Das ist das Höchste, was wir über Gott aussagen können: daß ER die Liebe ist. Freilich ist es keine unverbindliche Liebe, die man nicht ernst nehmen müßte. Gott nimmt uns alle – einen jeden von uns – so ernst, daß er in Jesus Christus Mensch geworden ist. Er ist einer von uns geworden aus Liebe. Aus Liebe hat er Leiden und Tod auf sich genommen, um uns zu erlösen von der Sünde, die im Tiefsten Lieblosigkeit ist. Gottes Liebe überwindet alles Böse, allen Haß und allen Unfrieden der Menschen.

Und die Frage, die Gott einem jeden von uns stellt, lautet: Willst auch Du mich lieben? Möchtest Du „Ja“ sagen zu meiner Liebe, zur Gemeinschaft mit mir? Er zwingt uns nicht dazu. Es liegt an uns, was wir aus unserem Leben machen. Es ist unsere freie Entscheidung, ob wir das Glück wollen, das er uns schenkt, wenn wir uns mit Herz und Tat Gott und den Mitmenschen in Liebe zuwenden!

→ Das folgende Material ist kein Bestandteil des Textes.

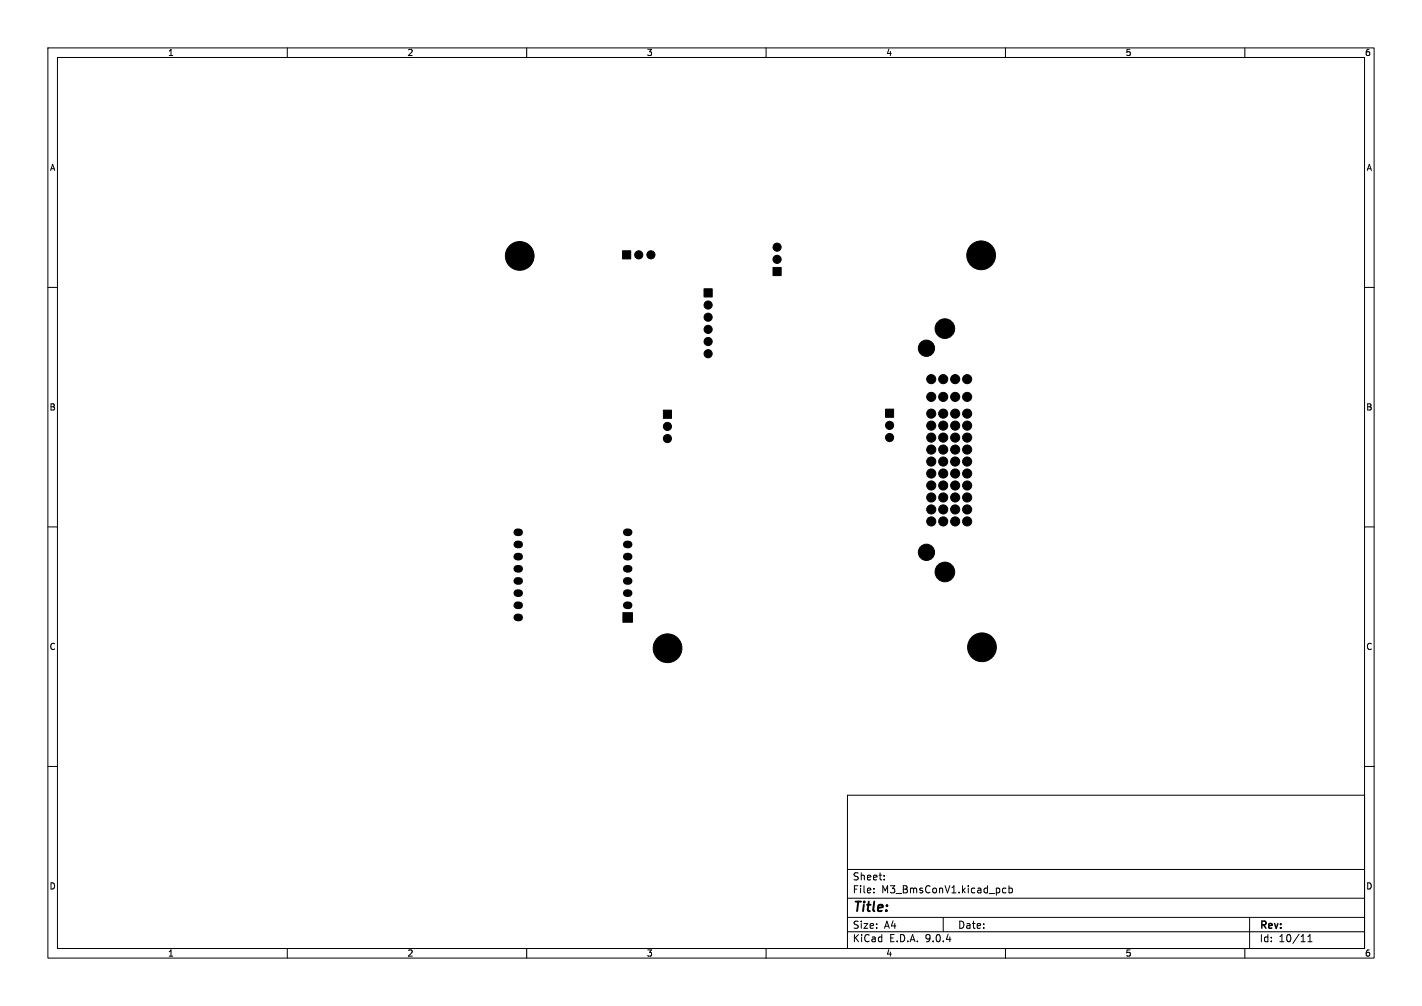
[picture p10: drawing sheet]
<svg xmlns="http://www.w3.org/2000/svg" width="297mm" height="210mm" viewBox="0 0 297 210" stroke-linecap="round" stroke-linejoin="round" font-family="sans-serif">
<defs><g id="words">
<text font-size="2.8" x="178" y="190.9">Title:</text>
<g font-size="2.1">
<text x="178" y="184">Sheet:</text>
<text x="178" y="186.7">File:</text>
<text x="184.1" y="186.7">M3_BmsConV1.kicad_pcb</text>
<text x="178" y="196.9">KiCad</text>
<text x="178" y="194.1">Size:</text>
<text x="184.7" y="194.1">A4</text>
<text x="185.7" y="196.9">E.D.A.</text>
<text x="193.3" y="196.9">9.0.4</text>
<text x="200" y="194.1">Date:</text>
<text x="263" y="194.3">Rev:</text>
<text x="263" y="196.9">Id:</text>
<text x="267.1" y="196.9">10/11</text>
</g>
<g font-size="1.8">
<text x="35" y="11.9">1</text>
<text x="85" y="11.9">2</text>
<text x="135" y="11.9">3</text>
<text x="185" y="11.9">4</text>
<text x="235" y="11.9">5</text>
<text x="285" y="11.9">6</text>
<text x="10.3" y="35.9">A</text>
<text x="285.4" y="35.9">A</text>
<text x="10.3" y="85.9">B</text>
<text x="285.3" y="85.9">B</text>
<text x="10.3" y="135.9">C</text>
<text x="285.3" y="135.9">C</text>
<text x="10.3" y="185.9">D</text>
<text x="285.3" y="185.9">D</text>
<text x="35" y="199.9">1</text>
<text x="85" y="199.9">2</text>
<text x="135" y="199.9">3</text>
<text x="185" y="199.9">4</text>
<text x="235" y="199.9">5</text>
<text x="285" y="199.9">6</text>
</g>
</g></defs>
<g fill="none" stroke="#000" stroke-width=".21">
<path d="M10 10h277v190h-277zM12 12h273v186h-273zM60 10v2M110 10v2M160 10v2M210 10v2M260 10v2M10 60h2M285 60h2M10 110h2M285 110h2M10 160h2"/>
<path d="M177 166h108v32h-108zM285 160h2M60 198v2M110 198v2M160 198v2M177 194.5h108M177 191.5h108M177 187.5h108M177 181.5h108M182.5 186.3v.1M182.5 185.5v.1M184.7 183.6v.1"/>
<path d="M184.7 182.8v.1M197 191.5v3M210 198v2M210.1 185.5l-.4-.1-.3 .3 .1 .6h.6M210.7 185.5l.5-.1 .3 .3-.2 .6h-.6M210.7 184.9v1.5M260 198v2M261 191.5v6.5M273.2 196.6h.8M273.2 195.5l.4-.4v1.5"/>
</g>
<g fill="#000" stroke="#000" stroke-width=".21">
<path d="M130 52.4h1.7v1.7h-1.7zM161.4 55.8h1.8v1.7h-1.8zM147 60.3h1.7v1.7h-1.7zM138.5 85.6h1.7v1.7h-1.7zM184.9 85.4h1.7v1.7h-1.7zM130.1 127.9h2v2h-2z"/>
<circle cx="106.3" cy="53.4" r=".4"/>
<circle cx="107" cy="55" r=".4"/>
<circle cx="107" cy="51.8" r=".4"/>
<circle cx="108.5" cy="53.4" r="3"/>
<circle cx="108.5" cy="51.2" r=".4"/>
<circle cx="108.5" cy="55.7" r=".4"/>
<circle cx="110.1" cy="55" r=".4"/>
<circle cx="110.1" cy="51.8" r=".4"/>
<circle cx="110.8" cy="53.4" r=".4"/>
<circle cx="133.4" cy="53.2" r=".85"/>
<circle cx="136" cy="53.2" r=".85"/>
<circle cx="162.3" cy="51.6" r=".85"/>
<circle cx="162.3" cy="54.1" r=".85"/>
<circle cx="202.7" cy="53.3" r=".4"/>
<circle cx="203.3" cy="54.9" r=".4"/>
<circle cx="203.3" cy="51.7" r=".4"/>
<circle cx="204.9" cy="53.3" r="3"/>
<circle cx="204.9" cy="51" r=".4"/>
<circle cx="204.9" cy="55.6" r=".4"/>
<circle cx="206.5" cy="54.9" r=".4"/>
<circle cx="206.5" cy="51.7" r=".4"/>
<circle cx="207.2" cy="53.3" r=".4"/>
<circle cx="147.9" cy="71.3" r=".85"/>
<circle cx="147.9" cy="68.8" r=".85"/>
<circle cx="147.9" cy="73.8" r=".85"/>
<circle cx="147.9" cy="66.2" r=".85"/>
<circle cx="147.9" cy="63.7" r=".85"/>
<circle cx="193.5" cy="72.7" r="1.7"/>
<circle cx="194.5" cy="79.1" r=".95"/>
<circle cx="197" cy="79.1" r=".95"/>
<circle cx="197.4" cy="68.6" r="2.05"/>
<circle cx="199.5" cy="79.1" r=".95"/>
<circle cx="202" cy="79.1" r=".95"/>
<circle cx="139.4" cy="91.6" r=".85"/>
<circle cx="139.4" cy="89" r=".85"/>
<circle cx="185.8" cy="88.8" r=".85"/>
<circle cx="185.8" cy="91.3" r=".85"/>
<circle cx="194.5" cy="96.3" r=".95"/>
<circle cx="194.5" cy="91.3" r=".95"/>
<circle cx="194.5" cy="93.8" r=".95"/>
<circle cx="194.5" cy="82.8" r=".95"/>
<circle cx="194.5" cy="88.8" r=".95"/>
<circle cx="194.5" cy="98.8" r=".95"/>
<circle cx="194.5" cy="86.3" r=".95"/>
<circle cx="197" cy="96.3" r=".95"/>
<circle cx="197" cy="91.3" r=".95"/>
<circle cx="197" cy="88.8" r=".95"/>
<circle cx="197" cy="98.8" r=".95"/>
<circle cx="197" cy="93.8" r=".95"/>
<circle cx="197" cy="82.8" r=".95"/>
<circle cx="197" cy="86.3" r=".95"/>
<circle cx="199.5" cy="91.3" r=".95"/>
<circle cx="199.5" cy="96.3" r=".95"/>
<circle cx="199.5" cy="88.8" r=".95"/>
<circle cx="199.5" cy="98.8" r=".95"/>
<circle cx="199.5" cy="93.8" r=".95"/>
<circle cx="199.5" cy="82.8" r=".95"/>
<circle cx="199.5" cy="86.3" r=".95"/>
<circle cx="202" cy="91.3" r=".95"/>
<circle cx="202" cy="96.3" r=".95"/>
<circle cx="202" cy="98.8" r=".95"/>
<circle cx="202" cy="82.8" r=".95"/>
<circle cx="202" cy="88.8" r=".95"/>
<circle cx="202" cy="93.8" r=".95"/>
<circle cx="202" cy="86.3" r=".95"/>
<circle cx="193.5" cy="115.3" r="1.7"/>
<circle cx="194.5" cy="103.8" r=".95"/>
<circle cx="194.5" cy="108.8" r=".95"/>
<circle cx="194.5" cy="106.3" r=".95"/>
<circle cx="194.5" cy="101.3" r=".95"/>
<circle cx="197" cy="103.8" r=".95"/>
<circle cx="197" cy="108.8" r=".95"/>
<circle cx="197" cy="106.3" r=".95"/>
<circle cx="197" cy="101.3" r=".95"/>
<circle cx="197.4" cy="119.4" r="2.05"/>
<circle cx="199.5" cy="103.8" r=".95"/>
<circle cx="199.5" cy="108.8" r=".95"/>
<circle cx="199.5" cy="101.3" r=".95"/>
<circle cx="199.5" cy="106.3" r=".95"/>
<circle cx="202" cy="103.8" r=".95"/>
<circle cx="202" cy="108.8" r=".95"/>
<circle cx="202" cy="106.3" r=".95"/>
<circle cx="202" cy="101.3" r=".95"/>
<circle cx="137.2" cy="135.3" r=".4"/>
<circle cx="137.8" cy="136.9" r=".4"/>
<circle cx="137.8" cy="133.7" r=".4"/>
<circle cx="139.4" cy="135.3" r="3"/>
<circle cx="139.4" cy="133.1" r=".4"/>
<circle cx="139.4" cy="137.6" r=".4"/>
<circle cx="141" cy="136.9" r=".4"/>
<circle cx="141" cy="133.7" r=".4"/>
<circle cx="141.7" cy="135.3" r=".4"/>
<circle cx="202.8" cy="135.1" r=".4"/>
<circle cx="203.5" cy="133.5" r=".4"/>
<circle cx="203.5" cy="136.7" r=".4"/>
<circle cx="205.1" cy="135.1" r="3"/>
<circle cx="205.1" cy="137.4" r=".4"/>
<circle cx="205.1" cy="132.9" r=".4"/>
<circle cx="206.7" cy="133.5" r=".4"/>
<circle cx="206.7" cy="136.7" r=".4"/>
<circle cx="207.4" cy="135.1" r=".4"/>
</g>
<g fill="none" stroke="#000" stroke-width="1.6">
<path d="M108 118.7h.4M108 116.2h.4M108 113.7h.4M108 111.1h.4M130.9 118.7h.4M130.9 116.2h.4M130.9 113.7h.4M130.9 111.1h.4M108 126.4h.4M108 123.8h.4M108 121.3h.4M108 128.9h.4"/>
<path d="M130.9 126.4h.4M130.9 123.8h.4M130.9 121.3h.4"/>
</g>
<use href="#words"/>
</svg>

Weil der Schriftgelehrte im heutigen Evangelium begriffen hatte, daß es auf das eine Gebot der Gottes- und Nächstenliebe ankommt, in dem alle anderen Gebote zusammengefaßt sind, darum lobte ihn Jesus und sagte: „Du bist nicht fern vom Reich Gottes.“ Auch wir sind dem Himmel ein Stück nähergekommen, wenn wir einander lieben.

Bitten wir Gott um seine Hilfe auf die Fürsprache aller Heiligen! Sie haben Gott geliebt auf Erden und dürfen jetzt seine Liebe in Fülle erfahren. Sie mögen uns beistehen, daß wir begreifen, worauf es ankommt in unserem Leben, damit wir einst sicher und gut unser ewiges Ziel erlangen. Amen.